La reazione dell’EUR/JPY

Se dunque i cambiamenti politici italiani hanno influenzato la situazione del cambio tra gli Usa e l’Europa, hanno avuto un simile potere anche nel cambio tra il vecchio continente ed un paese molto lontano, il Giappone? Osserviamo a tal fine il cambio EUR/JPY.

Il 20 febbraio, il cambio era pari a 140.48. Subito dopo la notizia dell’insediamento di Renzi, possiamo notare una lieve tendenza positiva dell’euro a scapito dello yen giapponese: il giorno successivo, infatti, il cambio era pari a 140.66; il 24 febbraio esso è pari a 140.79.

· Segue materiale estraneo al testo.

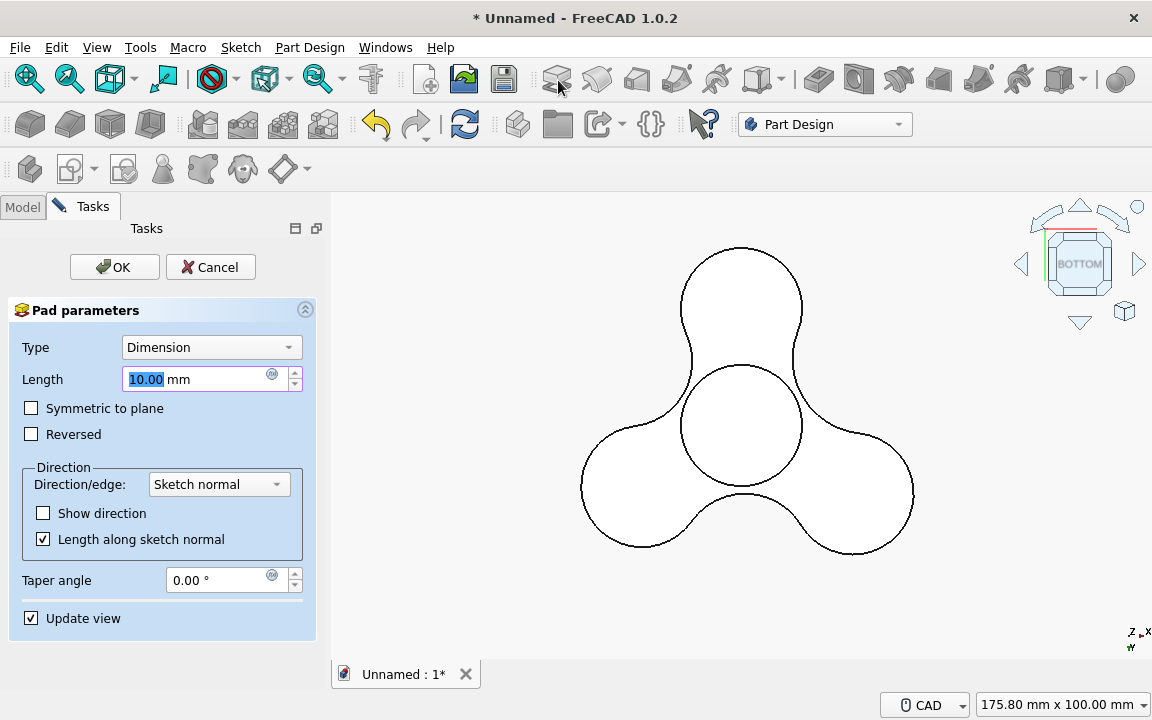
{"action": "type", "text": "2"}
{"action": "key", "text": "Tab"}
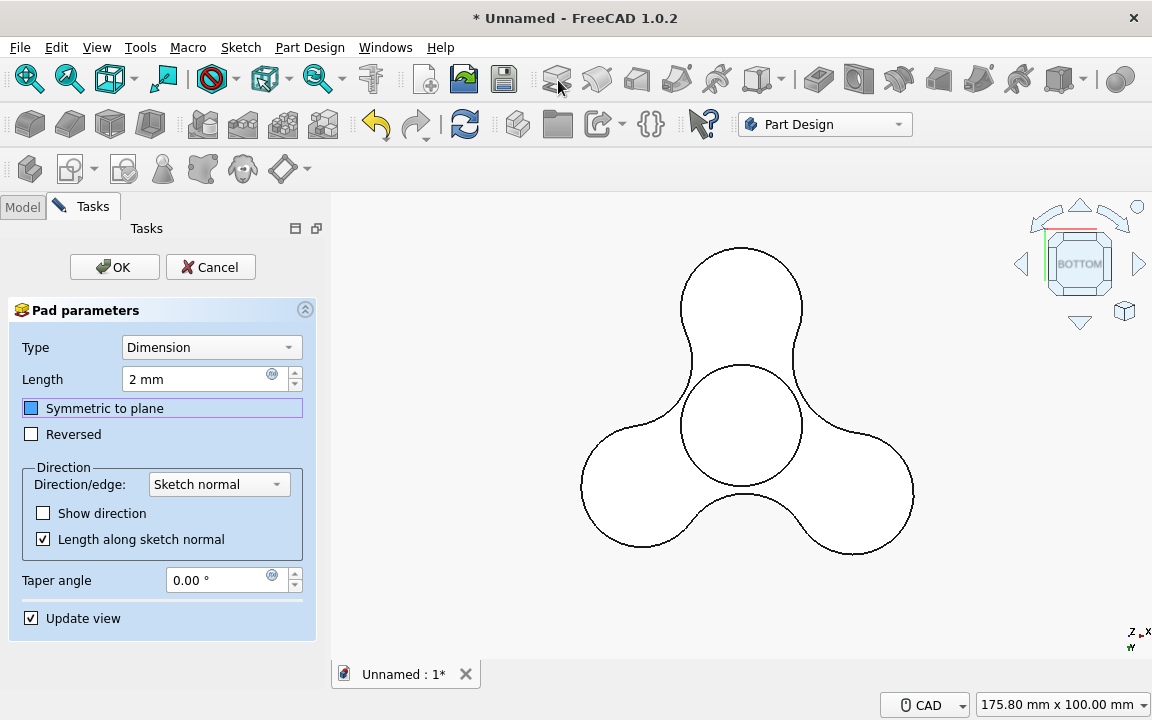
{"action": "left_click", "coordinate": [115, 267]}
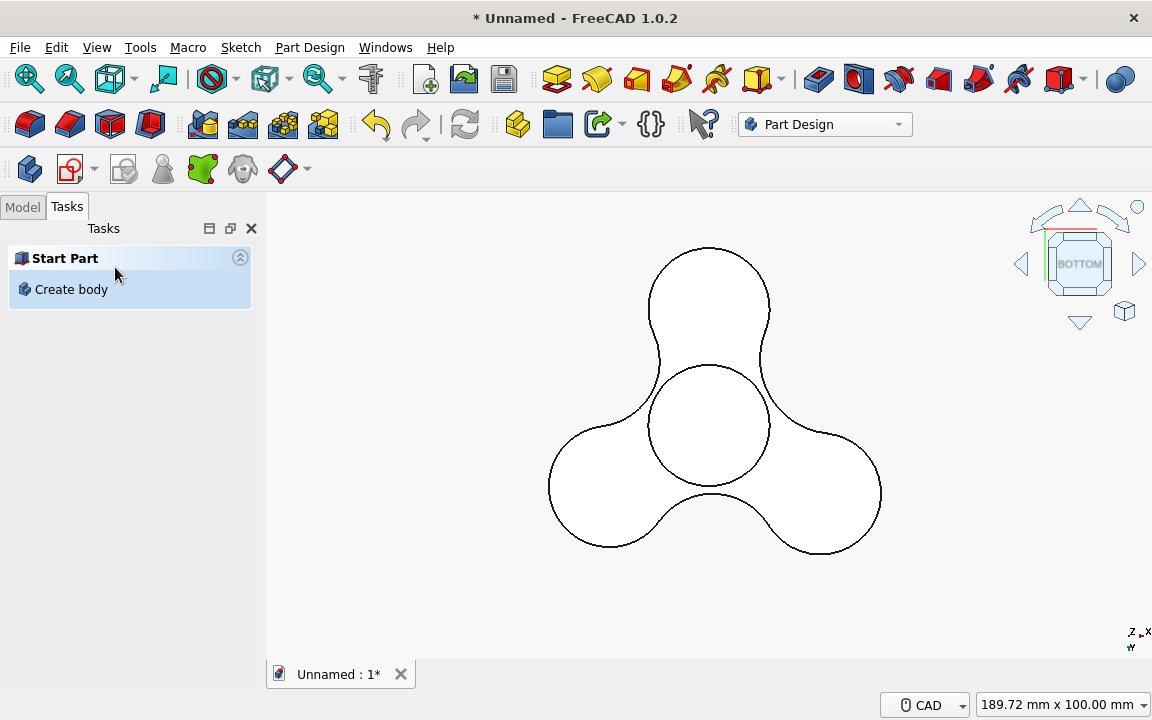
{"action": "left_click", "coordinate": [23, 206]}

Il dato del 24 febbraio si attesta però come il valore di cambio più alto attestatosi dall’insediamento di Renzi ad oggi.

EUR_JPY-1

L’euro infatti perde vertiginosamente terreno a partire dal 25 febbraio (in cui il cambio EUR/JPY è pari a 140.31), e nonostante una lieve ripresa del giorno successivo (in cui il cambio è pari a 140.62) la moneta del vecchio continente continua imperterrita a perdere terreno, in una caduta vorticosa che si fermerà solo l’ultimo giorno di febbraio, con un valore di cambio ormai pari a 138.86, valore nettamente inferiore rispetto a quello del 20 febbraio.